Catastrophes naturelles et adaptation à ces situations extrêmes offrent un premier panel de coûts considérables auxquels la non prise en compte du développement durable conduit. Il faut y ajouter le coût de la montée des océans, privant de leur terre ou fragilisant quelques dizaines de millions d’habitants de deltas et d’iles de faible altitude. La réinstallation et l’insertion sociale des « réfugiés climatiques » pèseront lourd dans la balance. On peut y ajouter le coût de la prise de risques inconsidérés. Pour faire durer les réserves de carburant fossiles, si faciles d’usage, nos sociétés semblent prêtes à bien des arrangements avec le diable. L’énergie chère permet d’aller chercher du pétrole et du gaz dans des conditions extrêmes. En résultent le saccage de régions entières pour l’exploitation de sables bitumineux, et les marées noires liées aux accidents comme celui de deep water dans le golfe du Mexique. Quand on connait les projets des sociétés pétrolières – notamment BP - dans les océans arctiques et antarctiques, on peut craindre des coûts écologiques considérables, c'est-à-dire, transposés en économie courante, une baisse du capital de ressources disponibles pour l’humanité.
L’inaction coûte donc très cher, au minimum 5% du PIB mondial, alors que la lutte contre l’effet de serre est évaluée à 1% du PIB mondial. Le problème est que les coûts ne sont pas supportés par les mêmes personnes, et que les 5% bénéficient d’un avantage décisif : il n’y a pas de décision à prendre, contrairement au choix de l’action, bien moins cher mais qui exige une décision. Facteur aggravant, cette décision doit être collective, prise en commun entre des collectivités aux cultures, aux histoires, aux responsabilités, aux niveaux de consommation extrêmement différentes. L’évidence au niveau macroéconomique, que la lutte contre le réchauffement climatique est rentable, ne se traduit pas au niveau des acteurs, publics comme les états, ou privés comme les entreprises.

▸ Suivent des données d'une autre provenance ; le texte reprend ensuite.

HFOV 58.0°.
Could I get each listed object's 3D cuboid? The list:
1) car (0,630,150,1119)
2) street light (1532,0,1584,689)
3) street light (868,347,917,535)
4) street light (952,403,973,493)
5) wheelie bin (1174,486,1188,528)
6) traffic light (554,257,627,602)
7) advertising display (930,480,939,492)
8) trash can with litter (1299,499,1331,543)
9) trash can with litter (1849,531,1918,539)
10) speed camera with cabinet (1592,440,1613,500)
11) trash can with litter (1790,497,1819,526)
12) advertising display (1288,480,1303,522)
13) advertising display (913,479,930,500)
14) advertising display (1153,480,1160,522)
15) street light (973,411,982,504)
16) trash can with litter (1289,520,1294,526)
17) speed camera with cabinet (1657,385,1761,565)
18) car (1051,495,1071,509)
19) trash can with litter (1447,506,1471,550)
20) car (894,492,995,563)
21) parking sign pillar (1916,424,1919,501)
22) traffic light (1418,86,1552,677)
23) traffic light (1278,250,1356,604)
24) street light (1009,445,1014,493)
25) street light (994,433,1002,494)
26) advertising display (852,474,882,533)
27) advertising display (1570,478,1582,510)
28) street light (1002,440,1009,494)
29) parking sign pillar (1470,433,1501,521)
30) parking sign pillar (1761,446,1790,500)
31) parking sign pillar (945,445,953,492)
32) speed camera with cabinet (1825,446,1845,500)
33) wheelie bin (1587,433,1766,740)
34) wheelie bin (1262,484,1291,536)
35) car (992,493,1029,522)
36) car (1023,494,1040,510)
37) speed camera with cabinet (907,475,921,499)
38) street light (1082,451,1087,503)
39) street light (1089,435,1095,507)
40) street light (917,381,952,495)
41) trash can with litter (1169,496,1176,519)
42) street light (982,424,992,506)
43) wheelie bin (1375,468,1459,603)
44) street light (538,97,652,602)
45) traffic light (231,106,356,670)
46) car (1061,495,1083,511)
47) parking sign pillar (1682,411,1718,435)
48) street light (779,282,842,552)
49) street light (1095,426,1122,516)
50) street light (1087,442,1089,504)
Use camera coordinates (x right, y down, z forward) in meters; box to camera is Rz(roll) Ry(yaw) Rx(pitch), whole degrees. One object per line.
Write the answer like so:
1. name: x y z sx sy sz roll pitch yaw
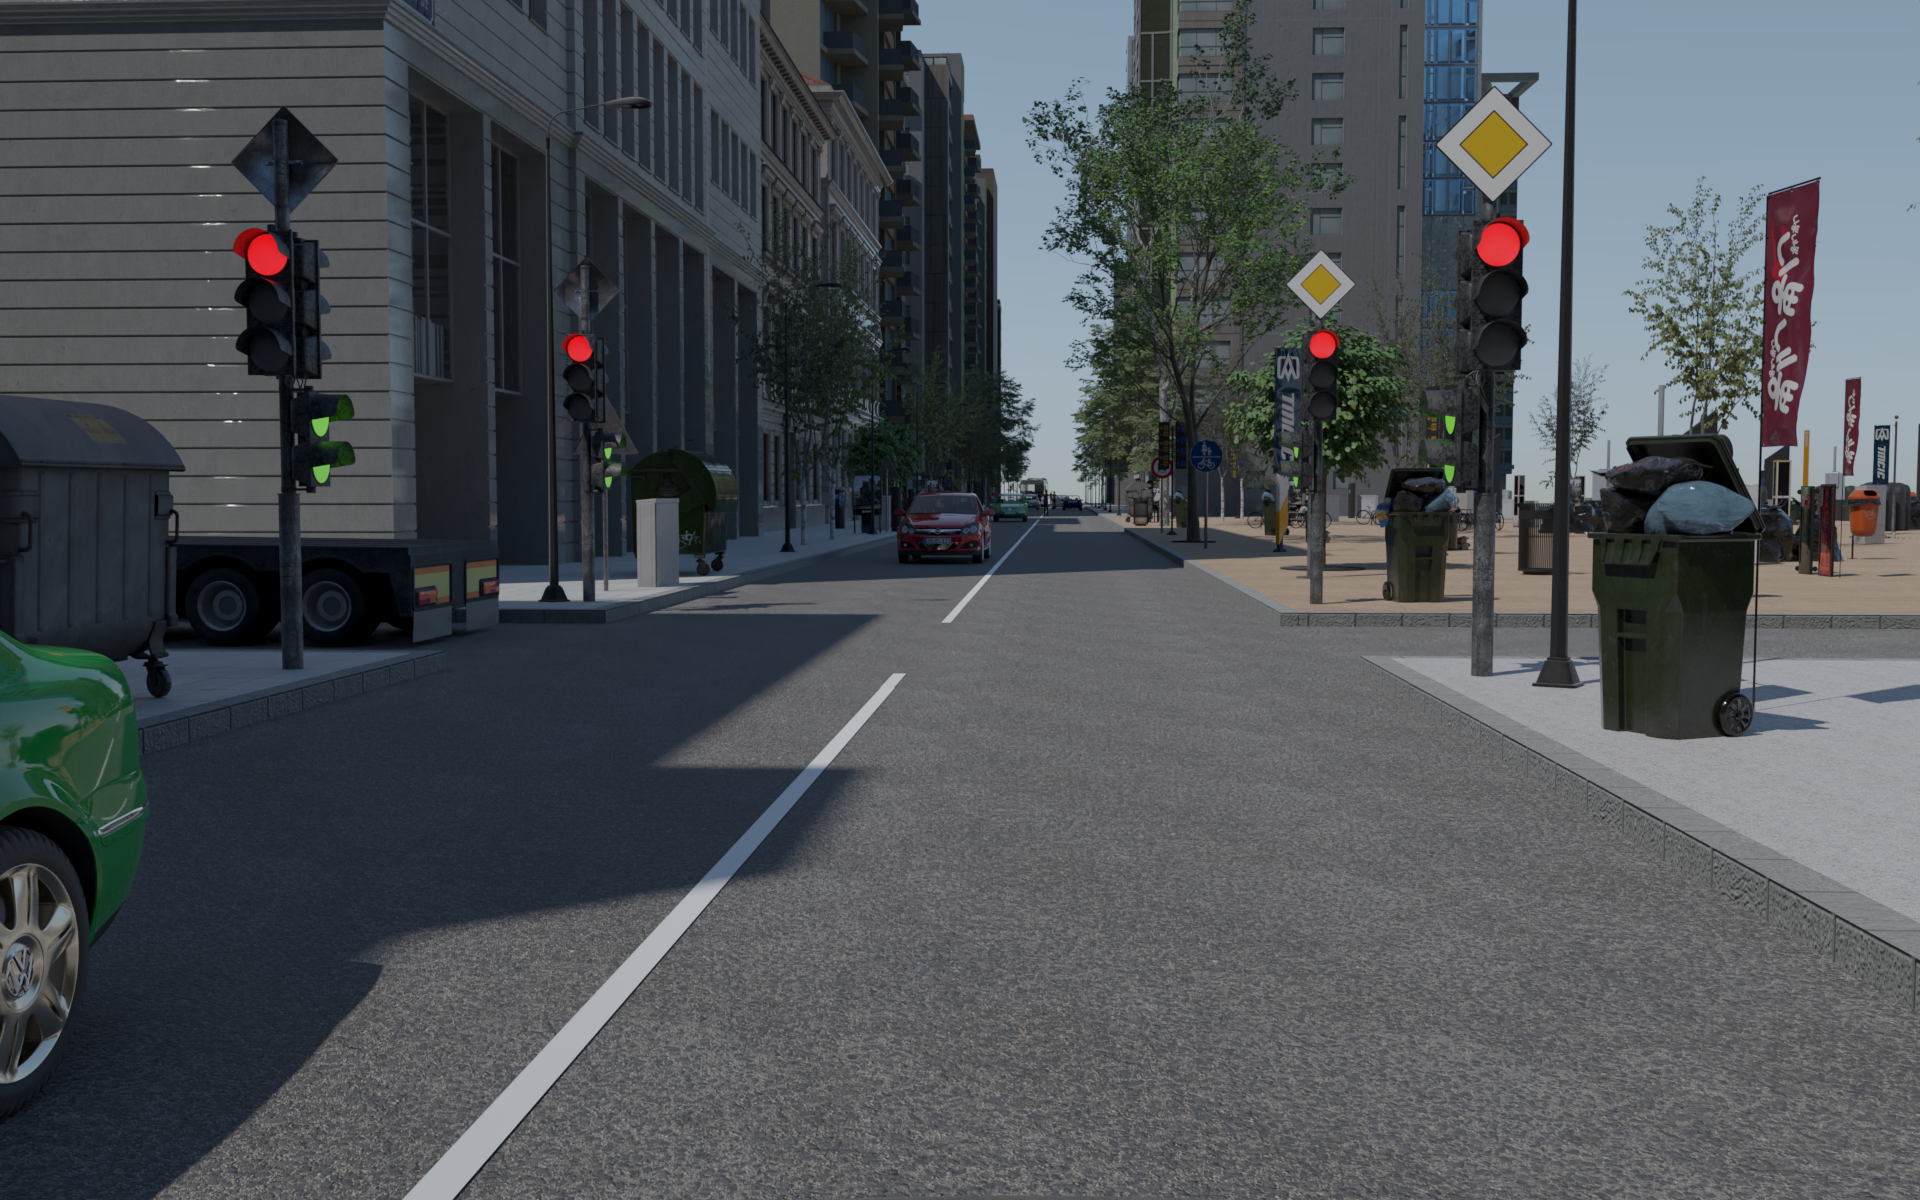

Il faut donc des accords internationaux et des réglementations pour assurer la cohérence entre macro et micro économie, ce qui introduira un caractère artificiel souvent mal perçu des acteurs s’il dure trop longtemps.
L’expérience des professionnels du bâtiment qui se sont lancés dans des opérations ambitieuse rejoint sur ce plan une observation de Nicholas Stern. Les 1% à investir peuvent trouver leur rentabilité propre, au-delà de la lutte contre l’effet de serre. Il s’agit pour l’essentiel de R&D, d’innovations techniques et organisationnelles, qui ont leur retombées propres dont bénéficient les acteurs qui se sont engagés. Les interventions publiques, règlements, taxes et incitations diverses, décidées au nom de la macro économie, trouvent une justification et une efficacité pour les acteurs, au niveau micro économique.
Il reste à bien doser les efforts, à coordonner des acteurs qui n’évoluent pas tous au même rythme, à choisir des priorités et les domaines qui vont jouer le rôle de locomotives. C’était l’objectif du Grenelle de l’environnement, souhaitons une mise en œuvre aussi ambitieuse que les engagements retenus en accord avec tous les acteurs.